Task to carry out - Report every line from the following entries that contains the string "agent".

(Provided entries begins)

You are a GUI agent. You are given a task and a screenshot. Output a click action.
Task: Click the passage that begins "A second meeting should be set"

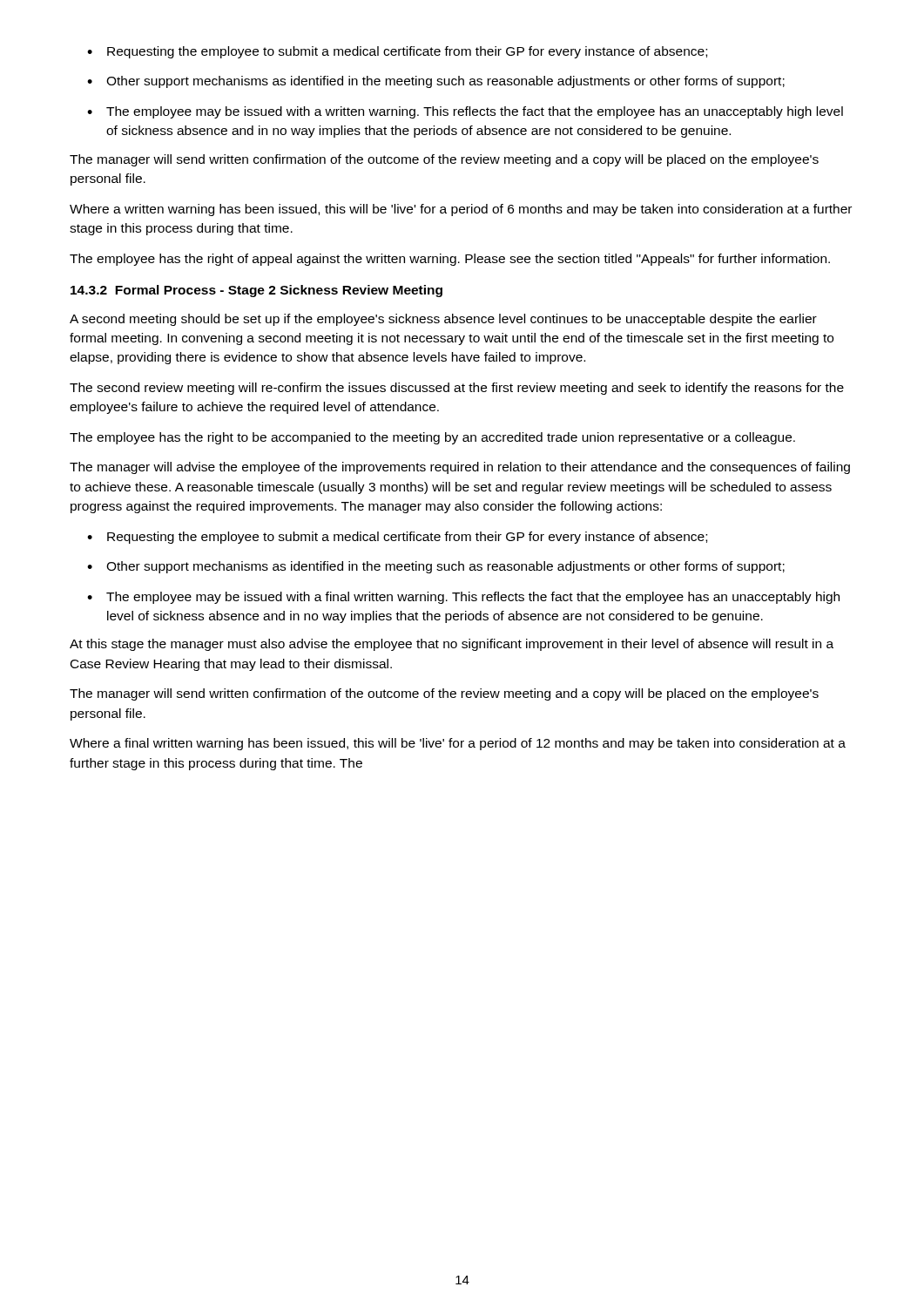452,338
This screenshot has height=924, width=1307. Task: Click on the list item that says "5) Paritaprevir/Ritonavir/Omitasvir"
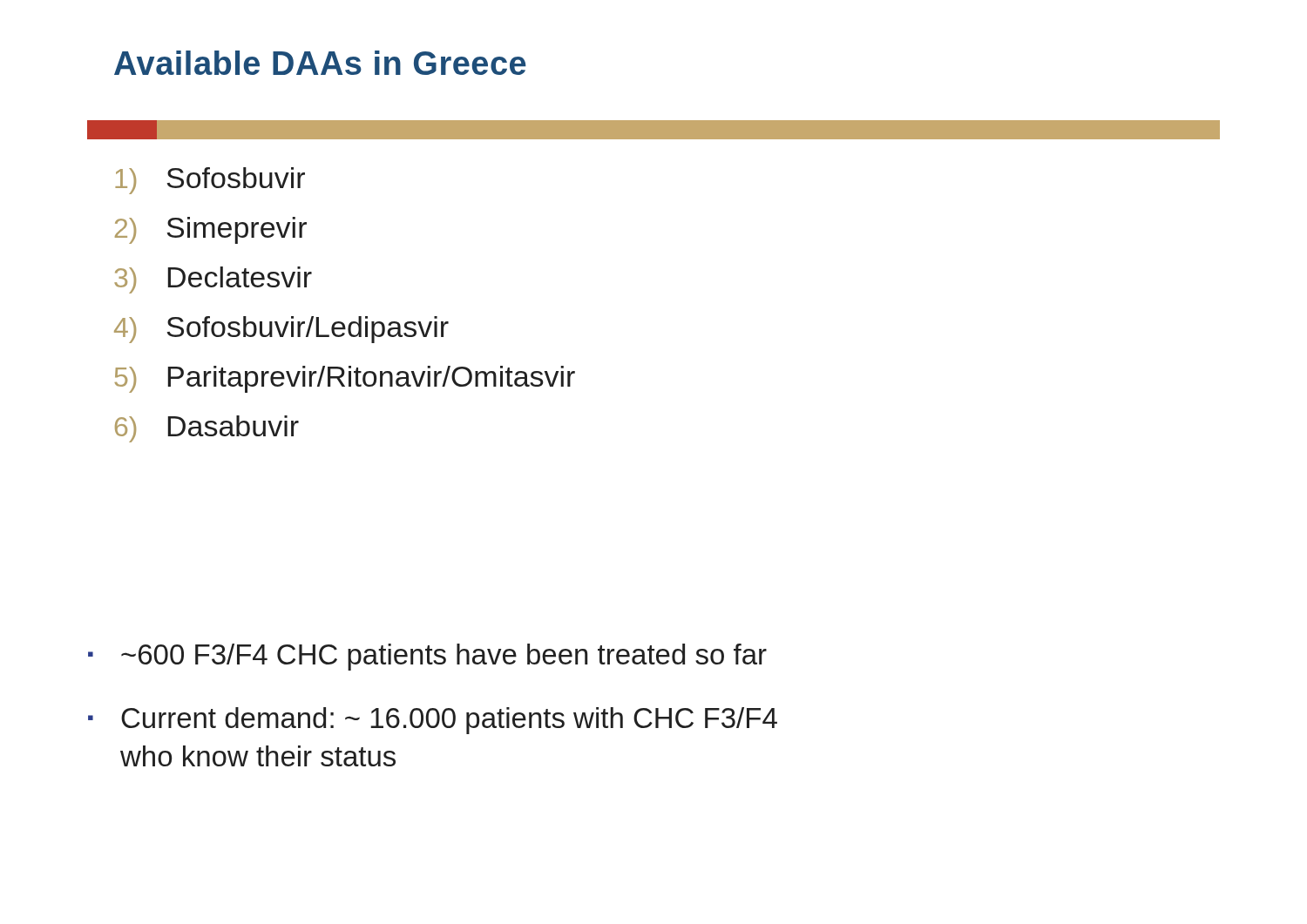[344, 377]
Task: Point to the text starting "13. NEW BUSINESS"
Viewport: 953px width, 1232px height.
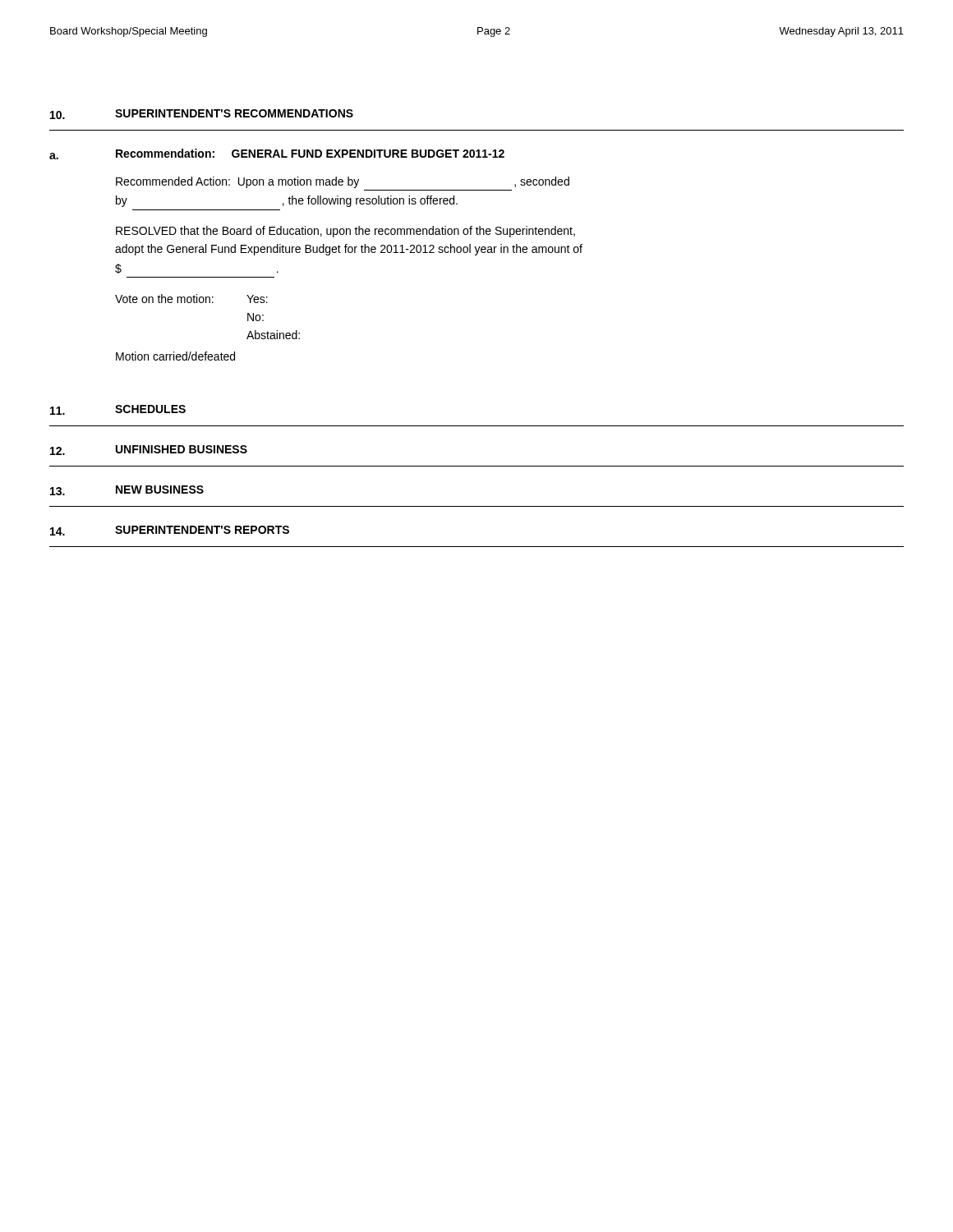Action: tap(127, 490)
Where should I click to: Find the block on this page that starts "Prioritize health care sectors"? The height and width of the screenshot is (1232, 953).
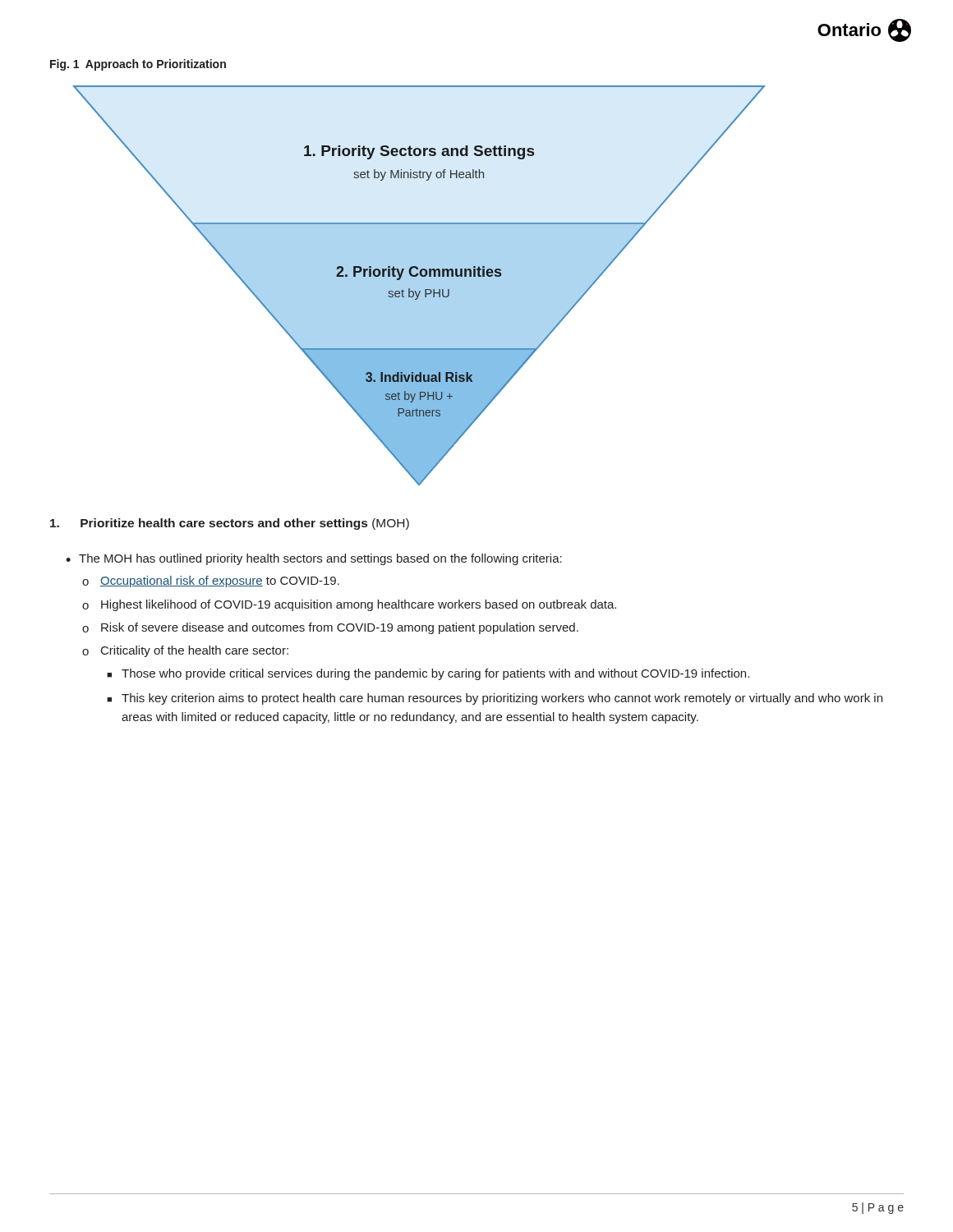[x=229, y=523]
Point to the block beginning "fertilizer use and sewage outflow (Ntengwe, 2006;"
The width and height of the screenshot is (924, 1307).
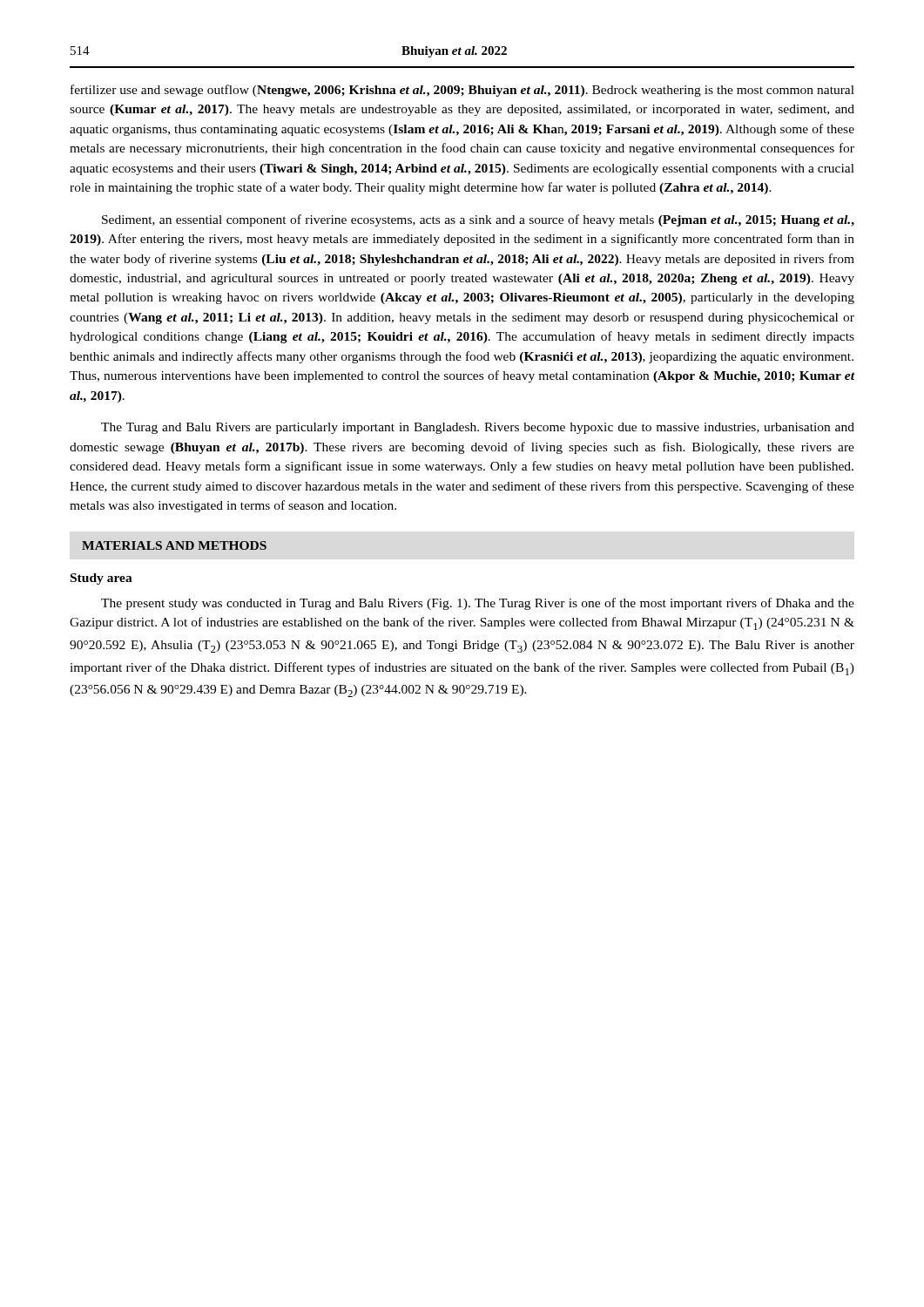coord(462,138)
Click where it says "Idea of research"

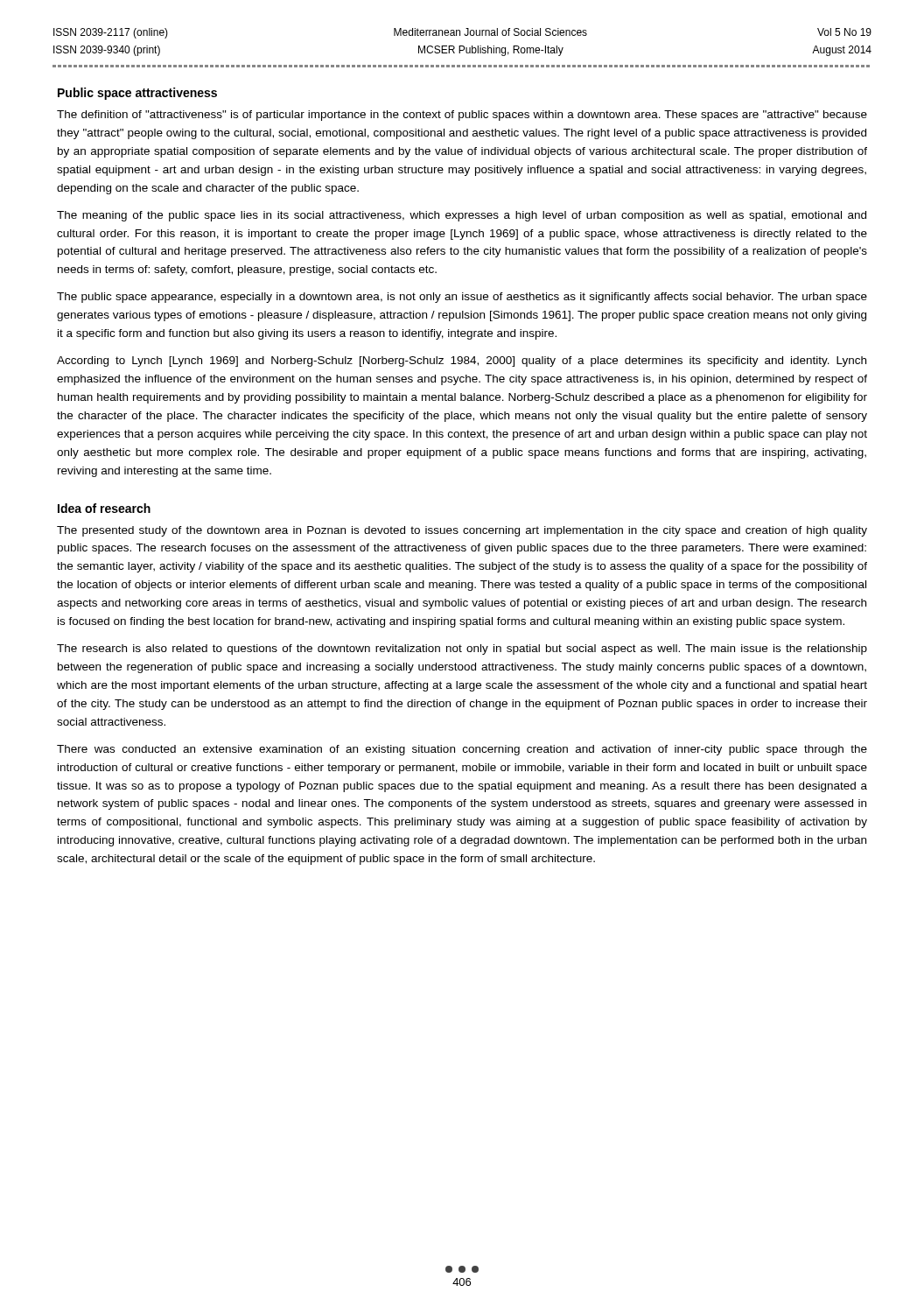coord(104,508)
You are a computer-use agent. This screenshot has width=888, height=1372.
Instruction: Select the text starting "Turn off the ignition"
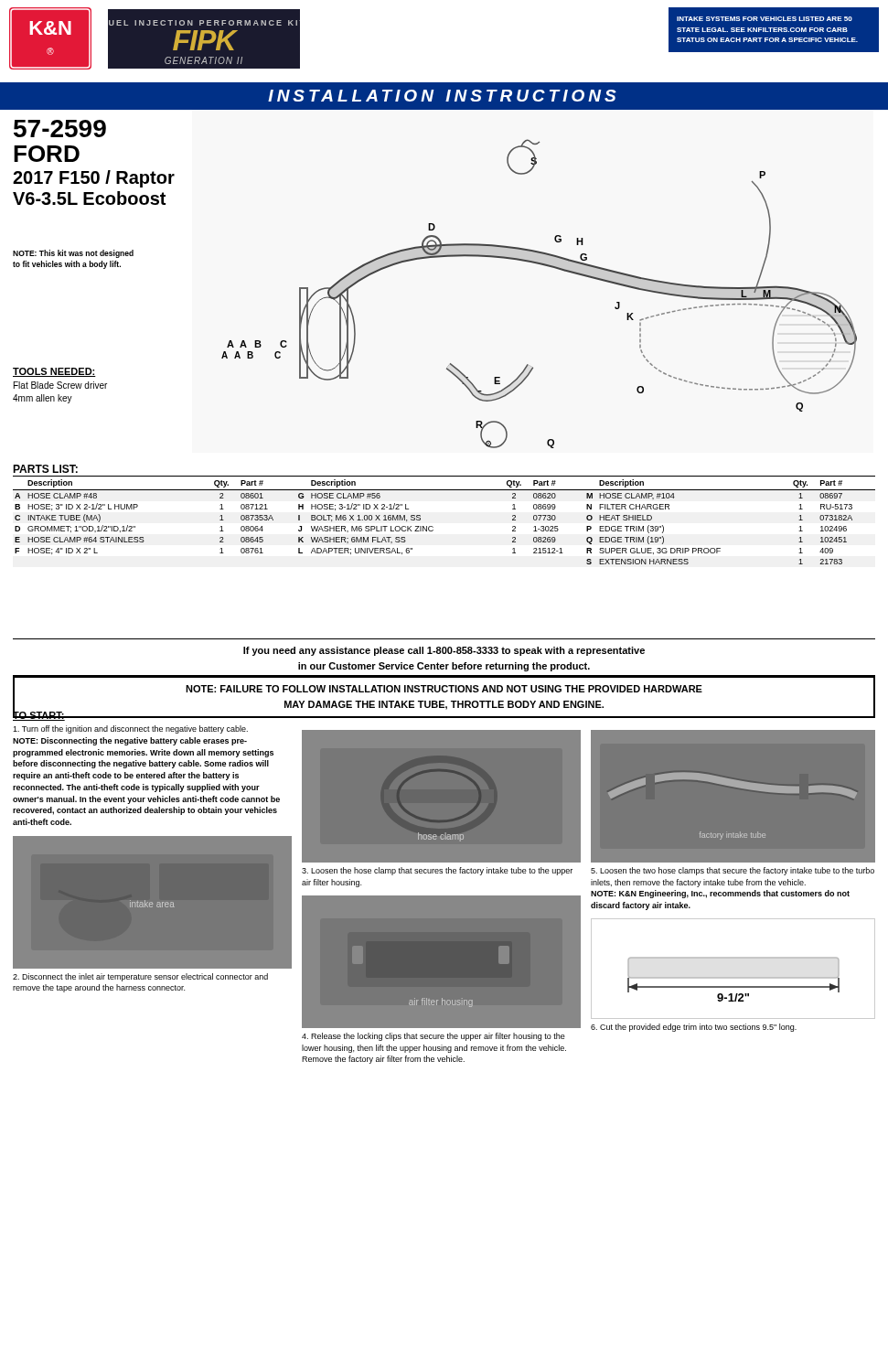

(Provided entries ends)

Response area -
You are a GUI agent. You are given a task and a screenshot. Output a click action.
You are a computer-use agent. This screenshot has width=888, height=1372.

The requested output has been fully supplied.